→ ABOUT THIS EXERCISE
What lines in this listing contain the string "font"? Report each one by copying it.

→ SOURCE MATERIAL
%%
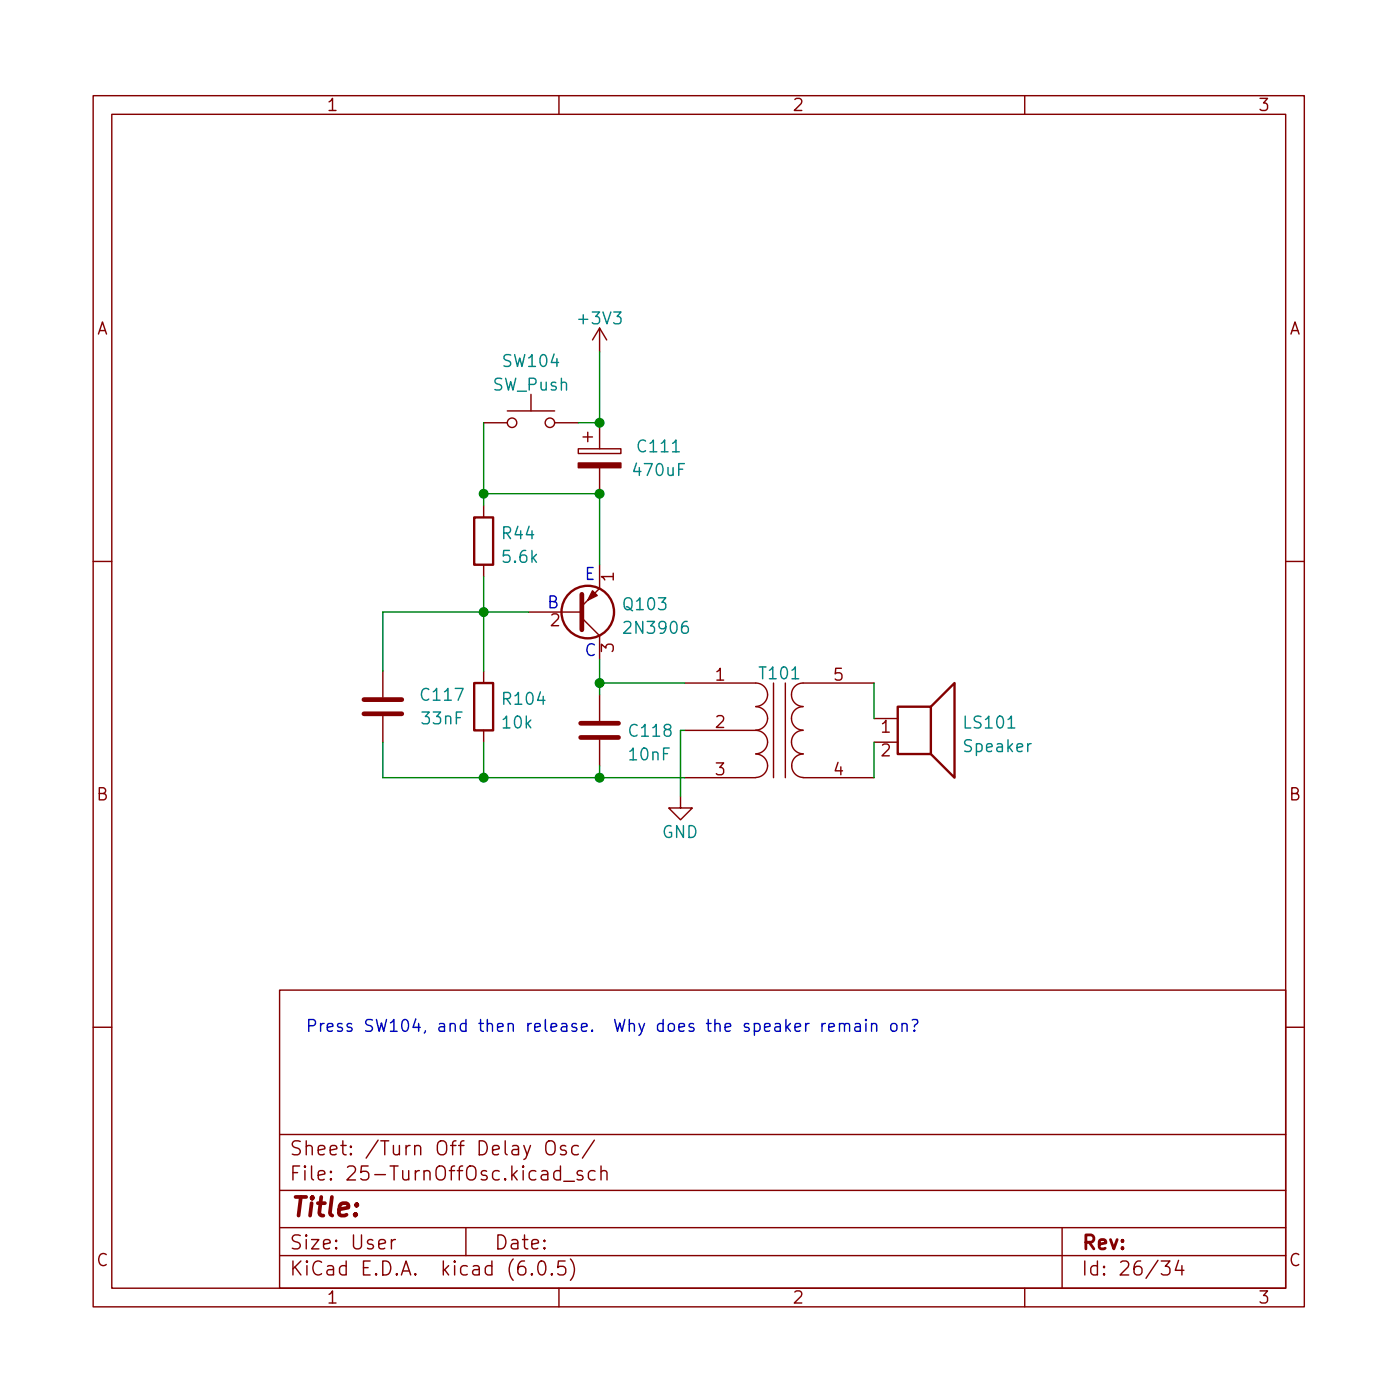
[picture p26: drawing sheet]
<svg xmlns="http://www.w3.org/2000/svg" width="150mm" height="150mm" viewBox="0 0 150 150" stroke-linecap="round" stroke-linejoin="round" font-family="sans-serif">
<defs><g id="words">
<text font-size="2.8" fill="#840000" x="31" y="130.6">Title:</text>
<g font-size="2.1" fill="#840000">
<text x="31" y="124">Sheet: /Turn Off Delay Osc/</text>
<text x="31" y="126.7">File: 25-TurnOffOsc.kicad_sch</text>
<text x="31" y="136.9">KiCad E.D.A. kicad (6.0.5)</text>
<text x="31" y="134.1">Size: User</text>
<text x="53" y="134.1">Date:</text>
<text x="116" y="134.1">Rev:</text>
<text x="116" y="136.9">Id: 26/34</text>
</g>
<g font-size="1.8" fill="#840000">
<text x="35" y="11.9">1</text>
<text x="85" y="11.9">2</text>
<text x="135" y="11.9">3</text>
<text x="10.3" y="35.9">A</text>
<text x="138.4" y="35.9">A</text>
<text x="65.9" y="62.4" transform="rotate(-90 65.9 62.4)">1</text>
<text x="59.1" y="67.2">2</text>
<text x="65.9" y="70" transform="rotate(-90 65.9 70)">3</text>
<text x="76.8" y="73.1">1</text>
<text x="89.5" y="73.1">5</text>
<text x="76.8" y="78.1">2</text>
<text x="76.8" y="83.2">3</text>
<text x="89.5" y="83.2">4</text>
<text x="94.6" y="78.7">1</text>
<text x="94.6" y="81.2">2</text>
<text x="10.3" y="85.9">B</text>
<text x="138.4" y="85.9">B</text>
<text x="10.3" y="135.9">C</text>
<text x="138.4" y="135.9">C</text>
<text x="35" y="139.9">1</text>
<text x="85" y="139.9">2</text>
<text x="135" y="139.9">3</text>
</g>
<g font-size="1.8" fill="#008484">
<text x="62.3" y="34.8">+3V3</text>
<text x="52.9" y="41.9">SW_Push</text>
<text x="54.1" y="39.4">SW104</text>
<text x="68.2" y="51.1">470uF</text>
<text x="68.6" y="48.6">C111</text>
<text x="54" y="57.9">R44</text>
<text x="54.1" y="60.4">5.6k</text>
<text x="67.1" y="65.5">Q103</text>
<text x="67.3" y="68">2N3906</text>
<text x="45.3" y="75.2">C117</text>
<text x="45.4" y="77.8">33nF</text>
<text x="54.1" y="75.7">R104</text>
<text x="81.7" y="72.9">T101</text>
<text x="54" y="78.2">10k</text>
<text x="67.6" y="81.6">10nF</text>
<text x="67.7" y="79.1">C118</text>
<text x="103.6" y="80.7">Speaker</text>
<text x="103.6" y="78.2">LS101</text>
<text x="71" y="90">GND</text>
</g>
<g font-size="1.8" fill="#0000c2">
<text x="58.7" y="65.3">B</text>
<text x="62.7" y="62.3">E</text>
<text x="62.7" y="70.4">C</text>
<text x="32.8" y="110.8">Press SW104, and then release. Why does the speaker remain on?</text>
</g>
</g></defs>
<g fill="none" stroke="#840000" stroke-width=".15">
<path d="M10 10.3h130v130h-130zM12 12.3h126v126h-126zM60 10.3v2M110 10.3v2M64.4 35.2v2.6M64.4 35.2l-.8 1.3M64.4 35.2l.7 1.3M51.9 45.4h2.6M51.9 54.3v1.2M54.5 44.1h5M57 42.3v1.8M59.5 45.4h2.6"/>
<path d="M62.1 48.2h4.5v.5h-4.5zM62.6 46.9h1M63.1 46.4v1M64.4 45.4v2.8M64.4 50.2v2.8M10 60.3h2M41.1 72.1v2.7M41.1 76.9v2.8M51.9 60.6v1.3M51.9 72.1v1.2M51.9 78.4v1.3M56.7 65.7h5.8"/>
<path d="M62.5 66.3l1.9 1.9v2.6M64.4 60.6v2.6l-1.9 1.9M64.4 74.6v2.8M64.4 79.4v2.8M73.5 73.3h7.6a1.26 1.26 0 0 1 1.3 1.3 1.26 1.26 0 0 1-1.3 1.2M73.5 78.4h7.6M81.1 78.4a1.26 1.26 0 0 1 1.3 1.3 1.26 1.26 0 0 1-1.3 1.2M81.1 75.9a1.26 1.26 0 0 1 1.3 1.2 1.26 1.26 0 0 1-1.3 1.3M83 73.3v10.2M84.3 73.3v10.2M86.2 75.9a1.27 1.27 0 0 0-1.2 1.2 1.27 1.27 0 0 0 1.2 1.3 1.26 1.26 0 0 0-1.2 1.3 1.26 1.26 0 0 0 1.2 1.2M93.8 73.3h-7.6a1.26 1.26 0 0 0-1.2 1.3 1.26 1.26 0 0 0 1.2 1.2"/>
<path d="M93.8 77.1h2.6M93.8 79.7h2.6M138 60.3h2M73.1 85.5v1.2h1.2l-1.2 1.3-1.3-1.3h1.3M73.5 83.5h7.6M81.1 80.9a1.26 1.26 0 0 1 1.3 1.3 1.26 1.26 0 0 1-1.3 1.3M86.2 83.5h7.6M86.2 80.9a1.26 1.26 0 0 0-1.2 1.3 1.26 1.26 0 0 0 1.2 1.3M10 110.3h2M30 106.3h108v32h-108zM138 110.3h2M30 134.8h108"/>
<path d="M30 131.8h108M30 127.8h108M30 121.8h108M42 133.1v1M42.4 133.1a.38 .38 0 0 0-.4 .2M50 131.8v3M57.1 136.7l.1 .1-.1 .1-.1-.1 .1-.1v.2M57.9 135.4a.36 .36 0 0 1 .6 .2 .88 .88 0 0 1-.3 1.3 .38 .38 0 0 1-.4-.3 1.17 1.17 0 0 1 .1-1.2zM58.8 122.5a.5 .5 0 0 1 .5 0 .5 .5 0 0 1 .3 .5v.5a.5 .5 0 0 1-.5 .5 .5 .5 0 0 1-.5-.5v-.5l.1-.3zM59.2 136.7l.1 .1-.1 .1v-.1v-.1v.2M60 138.3v2M60.2 125.7h-.5l-.3 .2v.5l.2 .2 .1 .1 .5-.1"/>
<path d="M60.2 125.2v1.5M60.5 126.8h1.2M60.7 135.4h-.8v.7l.2-.2 .5 .1 .1 .2v.5l-.3 .2h-.3l-.2-.2M60.7 123h-.3l-.2 .2v.2l.5 .1 .1 .2-.1 .2-.1 .1-.4-.1M61.2 135.1a1.72 1.72 0 0 1 0 2.3M62.1 123h-.4l-.3 .2v.5l.1 .2 .2 .1 .4-.1M62.5 125.7h-.3l-.3 .2 .1 .2 .5 .1 .1 .2-.1 .2-.1 .1-.5-.1M63.8 122.4l-1.3 1.9M63.9 125.7h-.5l-.2 .2v.5l.1 .2 .1 .1 .5-.1M64.5 125.8a.37 .37 0 0 1 .7 .1v.8M64.5 125.2v1.5M110 138.3v2"/>
<path d="M114 131.8v6.5M124.7 135.4h.9l-.5 .5a.41 .41 0 0 1 .5 .3v.4l-.2 .2-.5 .1-.2-.2M126.5 135.3l-.3 1.1h.9M126.9 135.9v1"/>
<circle cx="55" cy="45.4" r=".51"/>
<circle cx="59" cy="45.4" r=".51"/>
</g>
<g fill="#840000" stroke="#840000" stroke-width=".15">
<path d="M62.1 49.7h4.5v.5h-4.5z"/>
<path d="M63.6 63.4l.5 .5-1 .5z"/>
</g>
<path d="M39.1 76.6h4M39.1 75.1h4M62.3 77.6h4.1M62.3 79.2h4.1M62.5 63.8v3.8" fill="none" stroke="#840000" stroke-width=".51"/>
<g fill="none" stroke="#840000" stroke-width=".25">
<path d="M50.9 55.5h2v5.1h-2zM50.9 73.3h2v5.1h-2zM96.4 75.9h3.5v5h-3.5zM99.9 75.9l2.6-2.6v10.2l-2.6-2.6"/>
<circle cx="63.1" cy="65.7" r="2.82"/>
</g>
<g fill="none" stroke="#0000c2" stroke-width=".15">
<path d="M86.8 109.9h-.2l-.1 .2M88.2 109.9v.8M88.6 109.9h-.2l-.2 .2M89 110.3l.6-.1-.1-.3h-.4l-.1 .1v.6l.1 .1 .4-.1M90.1 110a.32 .32 0 0 1 .6 0v.7M90.1 109.9v.8M90.7 110l.1-.1h.3l.1 .8M91.8 109.9h.1h.4l.1 .8M92.4 110.2h-.5a.25 .25 0 0 0-.2 .3 .25 .25 0 0 0 .2 .2l.5-.1M93 109.4l-.1 .1 .1 .1v-.1v-.1v.2M93 109.9v.8M93.6 110a.32 .32 0 0 1 .5 0v.7"/>
<path d="M93.6 109.9v.8M95.7 109.9a.34 .34 0 0 1 .6 .2v.4a.34 .34 0 0 1-.4 .2 .34 .34 0 0 1-.3-.2v-.4zM96.8 110a.32 .32 0 0 1 .6 0v.7M96.8 109.9v.8M97.9 109.5l.4-.1a.32 .32 0 0 1 .2 .4 .32 .32 0 0 1-.3 .2v.2M98.2 110.6v.1l-.1-.1h.1v.1"/>
</g>
<g fill="none" stroke="#008400" stroke-width=".15">
<path d="M64.4 37.8v7.6h-2.3M51.9 45.4v8.9M51.9 53h12.5v7.6M41.1 79.7v3.8h32.4M51.9 61.9v10.2M51.9 79.7v3.8M56.7 65.7h-15.6v6.4M64.4 70.8v3.8M64.4 73.3h9.1M73.5 78.4h-.4v7.1M93.8 73.3v3.8M93.8 79.7v3.8"/>
<path d="M64.4 82.2v1.3"/>
</g>
<g fill="#008400" stroke="#008400" stroke-width=".15">
<circle cx="51.9" cy="65.7" r=".46"/>
<circle cx="51.9" cy="83.5" r=".46"/>
<circle cx="64.4" cy="53" r=".46"/>
<circle cx="64.4" cy="45.4" r=".46"/>
<circle cx="64.4" cy="73.3" r=".46"/>
<circle cx="51.9" cy="53" r=".46"/>
<circle cx="64.4" cy="83.5" r=".46"/>
</g>
<use href="#words"/>
</svg>
%%
→ OUTPUT BELOW
<svg xmlns="http://www.w3.org/2000/svg" width="150mm" height="150mm" viewBox="0 0 150 150" stroke-linecap="round" stroke-linejoin="round" font-family="sans-serif">
<text font-size="2.8" fill="#840000" x="31" y="130.6">Title:</text>
<g font-size="2.1" fill="#840000">
<g font-size="1.8" fill="#840000">
<g font-size="1.8" fill="#008484">
<g font-size="1.8" fill="#0000c2">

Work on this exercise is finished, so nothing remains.